By virtue of his diverse background, Salinger, 34, has a good perspective on differences in the business culture here and abroad. And running a wine company gives him plenty of insight into nuances in taste among European countries. At the end of the day on Friday, Oct. 20, I caught up with him by phone in his Paris office. Here are edited excerpts of our conversation:

Q: Are online wine sales more advanced in Europe or the U.S.?
A:
Europe is the main wine-consumption area in the world. Wine is a $100 billion world market, and Europe represents about $60 billion of that. And France is No. 1 in the world in wine consumption, both per capita and on an absolute basis. The French wine market is around $15 billion -- maybe more. Fifteen years ago, the average French person consumed about 100 liters of wine annually. That has now come down to about 50 liters per capita annually, but the size of the market [measured in sales] has grown. That's because we're going through a shift to [higher] quality wines.

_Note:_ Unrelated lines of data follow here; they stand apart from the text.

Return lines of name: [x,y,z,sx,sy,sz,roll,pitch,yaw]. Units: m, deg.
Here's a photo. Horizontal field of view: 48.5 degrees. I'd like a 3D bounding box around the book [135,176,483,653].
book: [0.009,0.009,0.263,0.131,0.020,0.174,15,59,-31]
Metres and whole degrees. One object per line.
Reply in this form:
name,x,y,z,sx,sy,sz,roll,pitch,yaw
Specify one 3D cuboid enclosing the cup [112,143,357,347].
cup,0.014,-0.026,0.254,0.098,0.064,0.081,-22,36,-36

Q: In what sense can Chateauonline claim to be the largest European Internet wine seller? How close are the biggest competitors?
A:
We're first in terms of sales -- we did about 10 million francs [about $7 million] last year. The closest competitor [in France] is estimated [in the press] to have done less than half that. This year, from internal estimates, we're still ahead of the pack....

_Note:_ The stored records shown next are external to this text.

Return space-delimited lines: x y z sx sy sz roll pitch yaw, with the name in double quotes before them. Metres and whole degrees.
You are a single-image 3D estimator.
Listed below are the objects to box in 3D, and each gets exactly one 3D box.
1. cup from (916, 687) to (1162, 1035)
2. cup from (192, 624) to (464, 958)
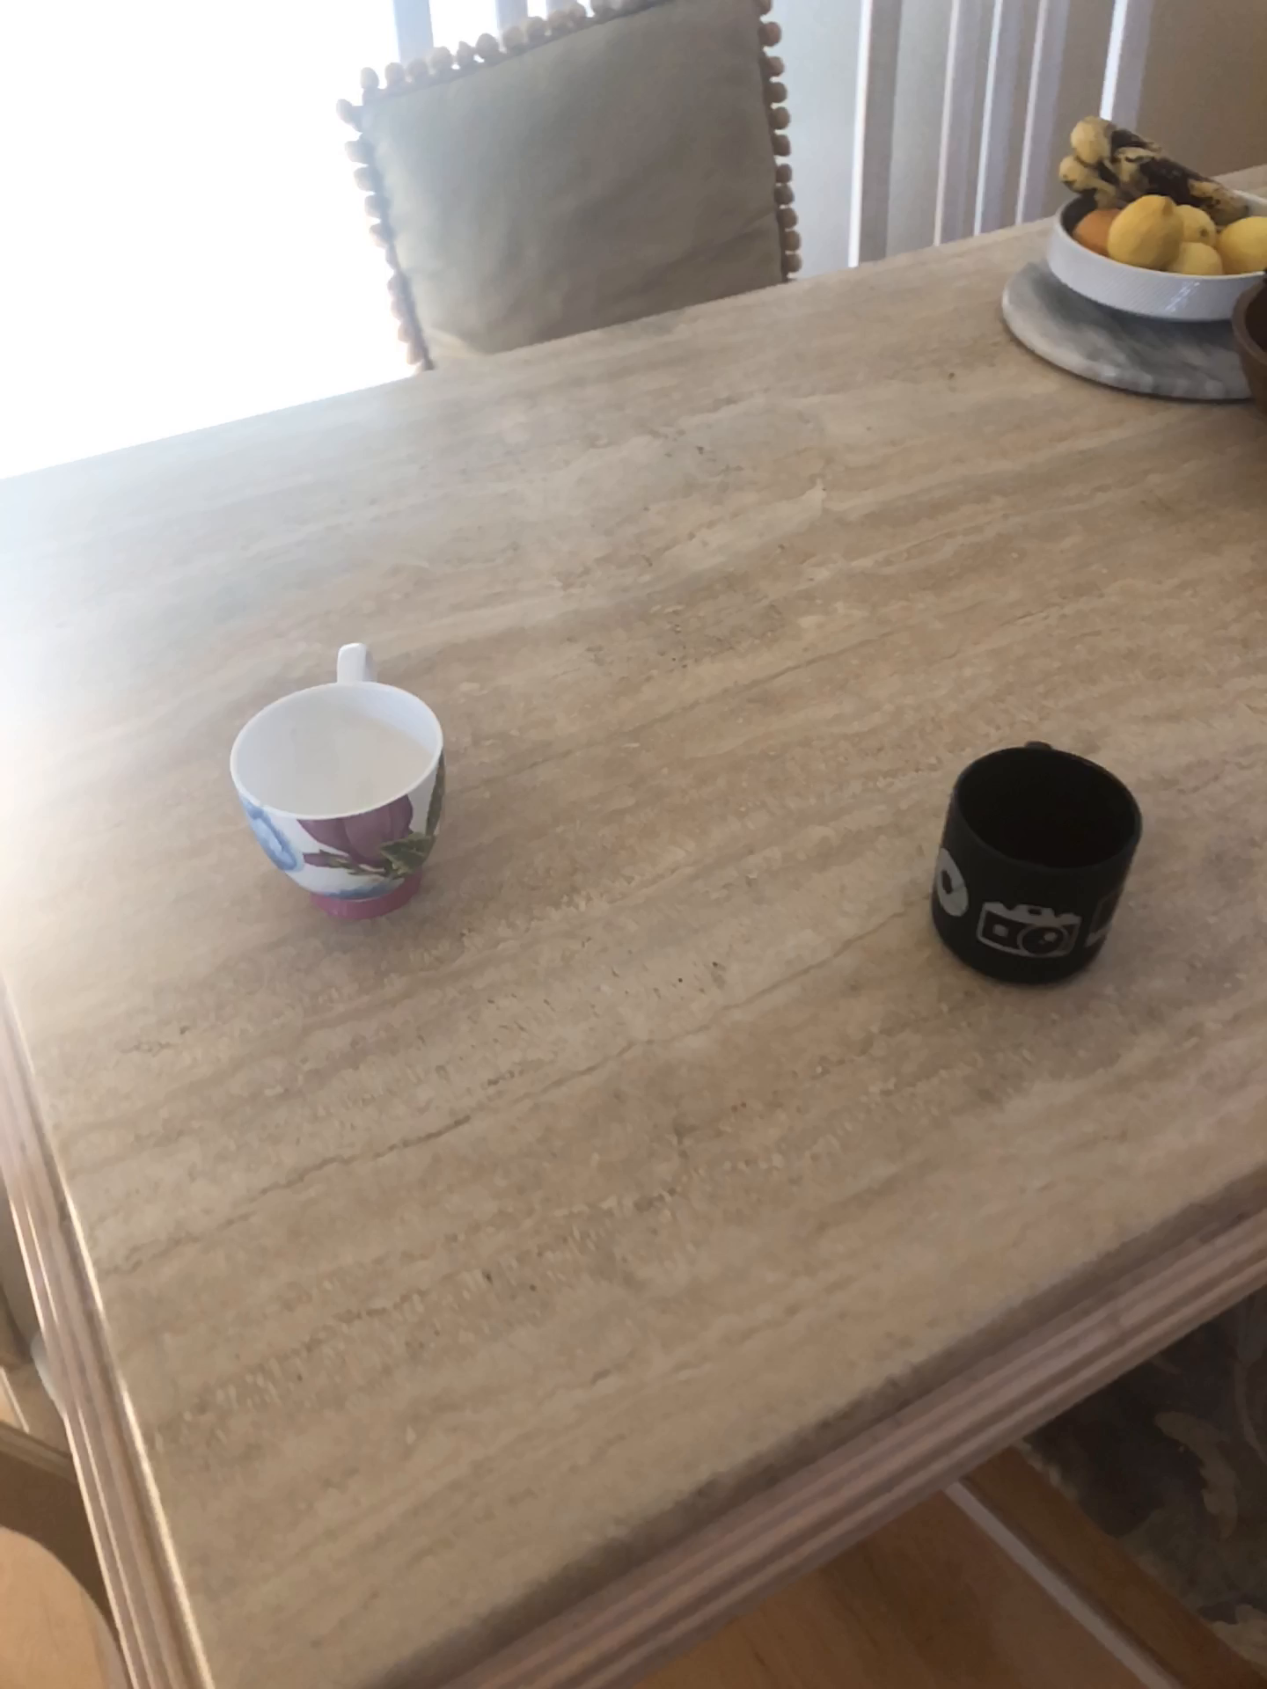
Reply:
"cup" 0.207 0.005 0.725 0.100 0.089 0.151 7 45 8
"cup" -0.154 -0.032 0.742 0.110 0.089 0.161 -2 44 -1

We're the only online wine e-service company with a presence in all the major European countries. We're present [with national Web sites] in France, the U.K., Germany, Holland, Italy, Ireland, and as of next month, we should be present in Switzerland. And we can deliver throughout the European Union.

From a recognition point of view, we were selected last year as one of the top-10 European e-commerce companies by Forrester Research. We were the only one from France and the only one from the wine sector. We also won an award this year from students at the wine school at Dijon who went through the selections of a thousand wine sites around the world. And we won an award as the best e-commerce site in France judged by IBM, Ernst & Young, and a couple of other organizations.

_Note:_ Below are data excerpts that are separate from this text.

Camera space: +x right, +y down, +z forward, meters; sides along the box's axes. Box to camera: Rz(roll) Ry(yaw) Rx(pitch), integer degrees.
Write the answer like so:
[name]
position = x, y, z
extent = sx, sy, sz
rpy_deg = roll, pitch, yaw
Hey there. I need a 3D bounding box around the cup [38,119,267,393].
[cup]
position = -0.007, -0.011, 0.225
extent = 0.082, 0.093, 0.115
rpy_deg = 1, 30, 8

Q: In theory, the European liquor market is more open than the U.S. market because you can sell freely throughout the whole of the European Union.
A:
That's the theory. In reality, alcohol and tobacco are still heavily regulated on a national basis. Yes, you can move wine from one country to another But there is a lot of paperwork and a number of taxes that must be paid. In the U.K., they levy an excise tax of around $2 per bottle of wine.

Secondly, there are not only language but cultural differences among the different countries. The U.K, for instance, is pretty much a non-wine-producing country. It has a very open market -- the market share of French wine is around 30% -- but they also consume a lot of wines from the New World, [including] Australia and the Americas. The French essentially drink French wine, and the Italian essentially consume Italian wines. There have been some big improvements in German wine, so Germans -- quite rightly -- drink a lot of German wines, though the market otherwise is split between French, Italian, Spanish, and New World wines. People in the U.K. tend to consume wine quite quickly after the purchase. People in France and Germany tend to store it in wine cellars.

Being present in all these markets is a real challenge. We've built an infrastructure that enables us to deliver throughout the EU and comply with national regulations and handle local taxes. This represented a significant investment.

Q: Do you expect to do an IPO at some point?
A:
No, we're happy being a private company.

Q: Are California wines making any inroads in the European market?
A:
California wines are generally of very high quality. [But] from a pricing point of view, they're at a real disadvantage to wines from other regions. The strength of the dollar relative to the euro means that U.S. wines are pretty much priced out of the market.

Q: Your strategy puts heavy emphasis on good service....
A:
We're gearing up as an e-service platform with a qualitative and selective approach. We don't aim to provide all the wines available in the world. We don't think the wine connoisseur wants that. We provide a product that is selected by the best sommeliers in the U.K., Holland, and Belgium. All of the wines on Chateauonline have been tasted by world-class wine experts.

Q: Do you have top sommeliers under contract?
A:
Yes. And our [chief] sommelier is a cofounder of Chateauonline who used to be the head sommelier of the Paris Ritz Hotel.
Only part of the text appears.